De kleine geknielde
De figuur van de geknielde, in zichzelf gekeerde jongeling, boeide George Minne vanaf omstreeks 1889. In zijn beschrijving van Minnes woning in Vorst heeft Fierens-Gevaert het over “un jeune Flamand fluet, à visage de Saint-Jean-Baptiste” die model stond voor dit beeld. De kleine geknielde werd op twee verschillende voetstukken uitgevoerd, bij deze sculptuur gaat het om de volle sokkel. De fragiele figuur wordt naakt op de knieën voorgesteld waarbij de tenen over de sokkel naar beneden hangen. De bovenbenen en het bovenlichaam vormen een lichte kromme die afgesloten wordt door het licht naar beneden gebogen hoofd. De jongeling heeft de beide armen gekruist en in een beschermende houding om zijn eigen lichaam geslagen met de handen in de nek. De ogen zijn gesloten en het haar licht gekruld. De sculptuur is uitgevoerd in een sobere, lineaire vormentaal die eenzaamheid en verlangen uitdrukt. Het gaat om een stilering, gecreëerd op een ogenblik dat Minne in staat is afstand te nemen van het realistisch modelé ten voordele van een ritmisch-abstraherende vormgeving.

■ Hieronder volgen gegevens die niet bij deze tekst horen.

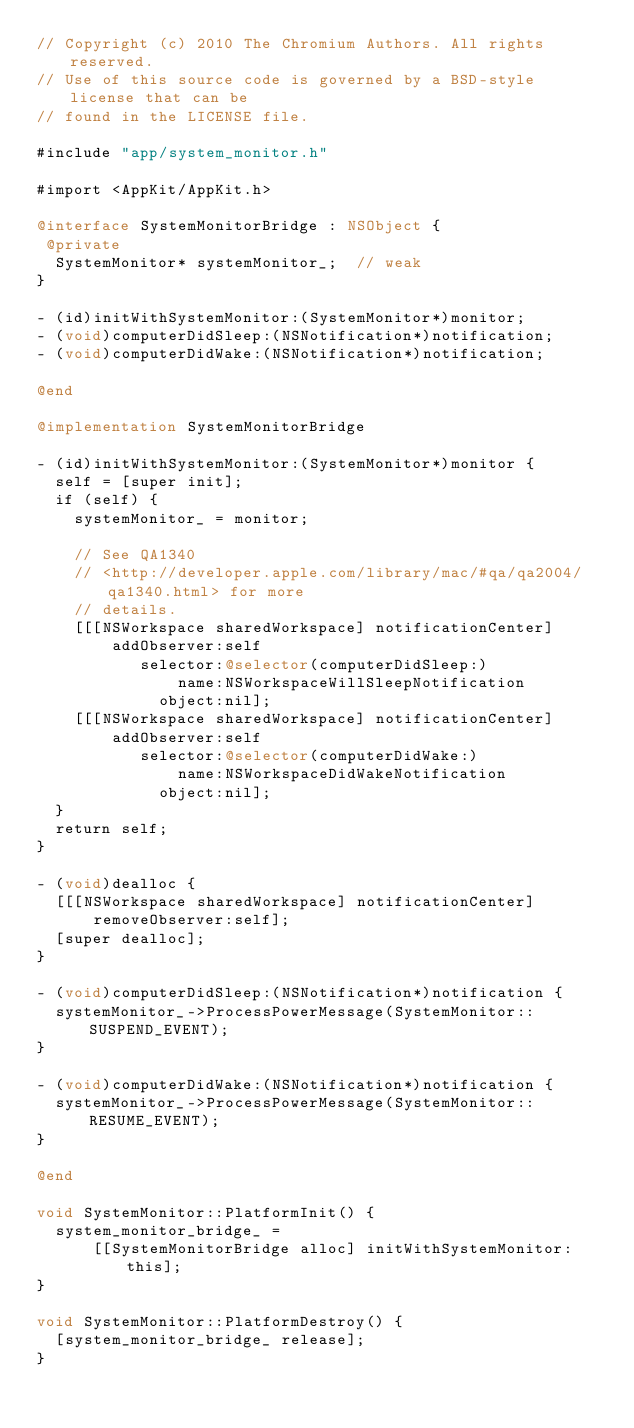Convert code to text. <code><loc_0><loc_0><loc_500><loc_500><_ObjectiveC_>// Copyright (c) 2010 The Chromium Authors. All rights reserved.
// Use of this source code is governed by a BSD-style license that can be
// found in the LICENSE file.

#include "app/system_monitor.h"

#import <AppKit/AppKit.h>

@interface SystemMonitorBridge : NSObject {
 @private
  SystemMonitor* systemMonitor_;  // weak
}

- (id)initWithSystemMonitor:(SystemMonitor*)monitor;
- (void)computerDidSleep:(NSNotification*)notification;
- (void)computerDidWake:(NSNotification*)notification;

@end

@implementation SystemMonitorBridge

- (id)initWithSystemMonitor:(SystemMonitor*)monitor {
  self = [super init];
  if (self) {
    systemMonitor_ = monitor;

    // See QA1340
    // <http://developer.apple.com/library/mac/#qa/qa2004/qa1340.html> for more
    // details.
    [[[NSWorkspace sharedWorkspace] notificationCenter]
        addObserver:self
           selector:@selector(computerDidSleep:)
               name:NSWorkspaceWillSleepNotification
             object:nil];
    [[[NSWorkspace sharedWorkspace] notificationCenter]
        addObserver:self
           selector:@selector(computerDidWake:)
               name:NSWorkspaceDidWakeNotification
             object:nil];
  }
  return self;
}

- (void)dealloc {
  [[[NSWorkspace sharedWorkspace] notificationCenter]
      removeObserver:self];
  [super dealloc];
}

- (void)computerDidSleep:(NSNotification*)notification {
  systemMonitor_->ProcessPowerMessage(SystemMonitor::SUSPEND_EVENT);
}

- (void)computerDidWake:(NSNotification*)notification {
  systemMonitor_->ProcessPowerMessage(SystemMonitor::RESUME_EVENT);
}

@end

void SystemMonitor::PlatformInit() {
  system_monitor_bridge_ =
      [[SystemMonitorBridge alloc] initWithSystemMonitor:this];
}

void SystemMonitor::PlatformDestroy() {
  [system_monitor_bridge_ release];
}
</code>

In 1905 groepeerde Minne vijf identieke geknielde jongelingen rond een bekken, de beroemde “Fontein der geknielden”. De geknielde jongeling bij het water herinnert daar aan de mythe van de halfgod Narcissus, die verliefd wordt op zijn spiegelbeeld en te gronde gaat aan het verlangen naar het onbereikbare object van zijn liefde. In de afzonderlijke versie van de geknielde jongeling komen deemoed en verinnerlijking sterker op de voorgrond en verlenen het beeld veeleer een religieus karakter.